Coronavirus (COVID-19) Response • Up-to-date information, assistance, and resources from across state government. Learn more.
RICHMOND—Governor Northam announced today that December General Fund revenue decreased 5.7 percent from the previous year, mainly due to a significant drop in individual estimated payments received ahead of the January 15th due date. Sources most closely tied to economic activity—payroll withholding and sales tax collections—posted strong growth. On a fiscal year-to-date basis, total revenue collections rose 1.5 percent through December, trailing the revised annual forecast of 5.9 percent growth.

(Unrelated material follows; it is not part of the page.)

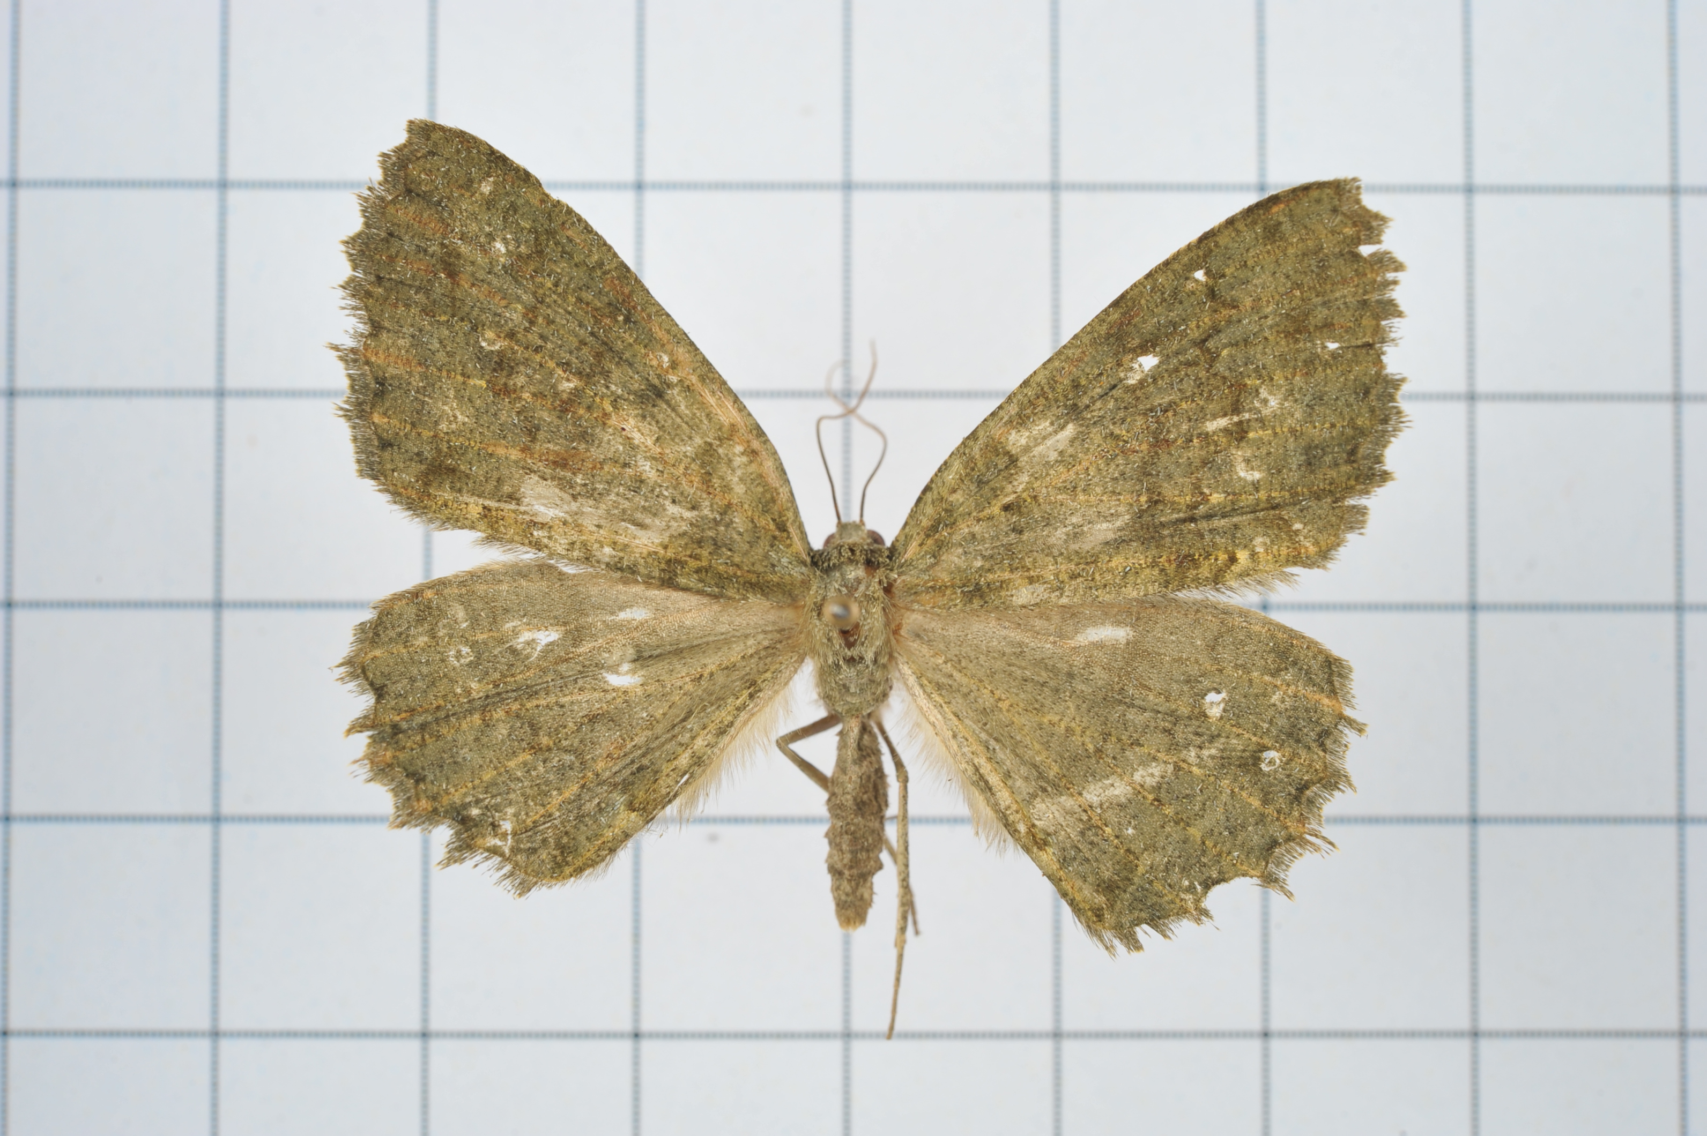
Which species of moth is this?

Although collections are lagging the annual estimate, growth is expected to be higher in the second half of the fiscal year due to effects of the federal Tax Cuts and Jobs Act. Because the timing of payments at this time of year can distort growth in several sources, December and January collections should be viewed together to accurately assess growth. This is especially true for nonwithholding receipts where fourth quarter estimated payments for the calendar year are normally split between December and January. As a result of the federal Tax Cuts and Jobs Act, last December’s individual estimated payments totaled $403.8 million as compared to this year’s $108 million.
“This report indicates that the underlying fundamentals of Virginia’s economy remain strong,” said Governor Northam. “As we begin this General Assembly session in Richmond, we have the opportunity to ensure positive revenue growth for the rest of the year by keeping our focus on creating well-paid, 21st century jobs, and investing in core priorities that will continue to expand and diversify our economic base.”
Collections of payroll withholding taxes rose a strong 11.9 percent in December. Through the end of December, the partial federal government shutdown has had no effect on receipts because payments are received from agencies at the beginning of the month, prior to the start of the shutdown. Collections of sales and use taxes, reflecting November sales, were up 7.7 percent in December. November represents the beginning of the holiday shopping season and a clearer assessment of the season will be possible after receiving December sales tax payments due in January. Finally, collections of wills, suits, deeds, and contracts—mainly recordation tax collections—were $32.0 million in December, compared with $32.4 million in December of last year for a decline of 1.3 percent.
Year-to-date, withholding collections are 4.5 percent ahead of the same period last year and ahead of the revised annual estimate of 3.8 percent growth. Year to-date collections of nonwithholding were $828.2 million compared with $1,045.5 million in the same period last year, a 20.8 percent decline compared with the annual estimate of a 15.2 percent increase. A clearer assessment of growth will be possible at the end of January, when all quarterly payments have been received and December and January collections can be considered together. However, since some of the extremely large payments from individuals received last December were in fact a proxy for their May 1st final payment, it may be until May before a complete analysis can be done.
On a year-to-date basis, sales tax collections have risen 4.8 percent, ahead of the annual estimate of 3.7 percent growth. Corporate income tax collections for the first half of the fiscal year have risen 1.2 percent from the same period last year, but are behind the annual estimate of a 5.6 percent increase. On a fiscal year-to-date basis, total revenue collections rose 1.5 percent through December, behind the revised annual forecast of 5.9 percent growth.